Comment 5 Jeremy Allison 2017-06-20 17:11:37 UTC
If a system returns -1,EINTR on open (2)
the fix should be a custom patch that does:

$ git diff
diff --git a/source3/modules/vfs_default.c b/source3/modules/vfs_default.c
index d339f39aa06..cb87ad2b026 100644
--- a/source3/modules/vfs_default.c
+++ b/source3/modules/vfs_default.c
@@ -566,7 +566,10 @@ static int vfswrap_open(vfs_handle_struct *handle,
                goto out;

-       result = open(smb_fname->base_name, flags, mode);
+       do {
+               result = open(smb_fname->base_name, flags, mode);
+       } while (result == -1 && errno == EINTR);
        return result;

because that system is broken :-).
Comment 6 Ralph Böhme 2017-06-22 17:11:07 UTC
I guess what happens is that we somehow mistakenly did a blocking open on a file that is kernel oplocked by another process.
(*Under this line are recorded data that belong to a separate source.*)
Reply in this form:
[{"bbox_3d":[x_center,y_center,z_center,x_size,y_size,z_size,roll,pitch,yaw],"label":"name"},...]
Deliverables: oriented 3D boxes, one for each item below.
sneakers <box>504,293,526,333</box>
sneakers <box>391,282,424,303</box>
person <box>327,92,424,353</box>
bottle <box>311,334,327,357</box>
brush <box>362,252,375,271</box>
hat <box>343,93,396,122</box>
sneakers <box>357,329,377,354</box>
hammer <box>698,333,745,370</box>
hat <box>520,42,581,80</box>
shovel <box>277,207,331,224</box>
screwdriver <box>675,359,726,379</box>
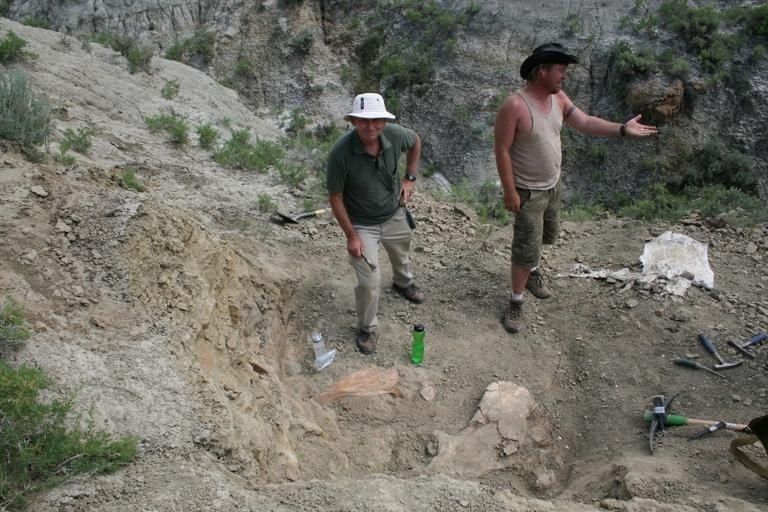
[{"bbox_3d":[1.919,0.877,11.498,0.227,0.263,0.626,5,65,4],"label":"sneakers"},{"bbox_3d":[0.383,0.582,12.095,0.448,0.194,0.244,39,73,12],"label":"sneakers"},{"bbox_3d":[-0.108,-0.536,11.350,1.353,3.624,0.935,-21,33,-40],"label":"person"},{"bbox_3d":[-0.950,1.278,11.387,0.203,0.323,0.297,-4,25,-12],"label":"bottle"},{"bbox_3d":[-0.221,0.092,11.134,0.097,0.331,0.049,-39,3,-1],"label":"brush"},{"bbox_3d":[-0.213,-2.030,10.654,0.483,0.224,0.471,3,22,10],"label":"hat"},{"bbox_3d":[-0.263,1.275,11.416,0.203,0.398,0.245,-2,-10,4],"label":"sneakers"},{"bbox_3d":[4.613,1.360,10.841,0.344,0.120,0.523,-21,45,-8],"label":"hammer"},{"bbox_3d":[2.337,-2.765,10.902,0.838,0.322,0.709,-5,-3,15],"label":"hat"},{"bbox_3d":[-1.413,-0.680,13.418,0.611,0.129,0.310,-16,20,-31],"label":"shovel"},{"bbox_3d":[4.355,1.539,10.742,0.695,0.138,0.081,12,27,19],"label":"screwdriver"}]

We do a blocking open on a file when be the oplock holding smbd released the oplock and we got signalled via dbwrap_watch on the locking.tdb record of the file.

So the real question is: why is the second blocking open still being blocked? Race condition? Something else?

This would also mean that checking for EINTR in vfs_default is probably not the correct fix.
Comment 7 Jeremy Allison 2017-06-22 17:33:04 UTC
But we shouldn't be doing the open on a file with a kernel oplock, we should have requested the holding smbd to remove that oplock before trying to do an open.

Looking briefly at the logic inside oplock.c we do remove the kernel oplock under lock, so the sending smbd shouldn't be proceeding until the kernel oplock is gone.
Comment 8 Ralph Böhme 2017-06-22 20:26:52 UTC
(In reply to Jeremy Allison from comment #7)
Exactly, something is fishy here. For some unknown reason we are doing a blocking open on a kernel oplocked file that later get's the EINTR.
Comment 9 Jeremy Allison 2017-06-22 20:28:31 UTC
Can we get a reproducer that shows how we end up in this position ?

I'm glad though - I was pretty sure that under normal conditions no system returns -1,EINTR on a disk file :-).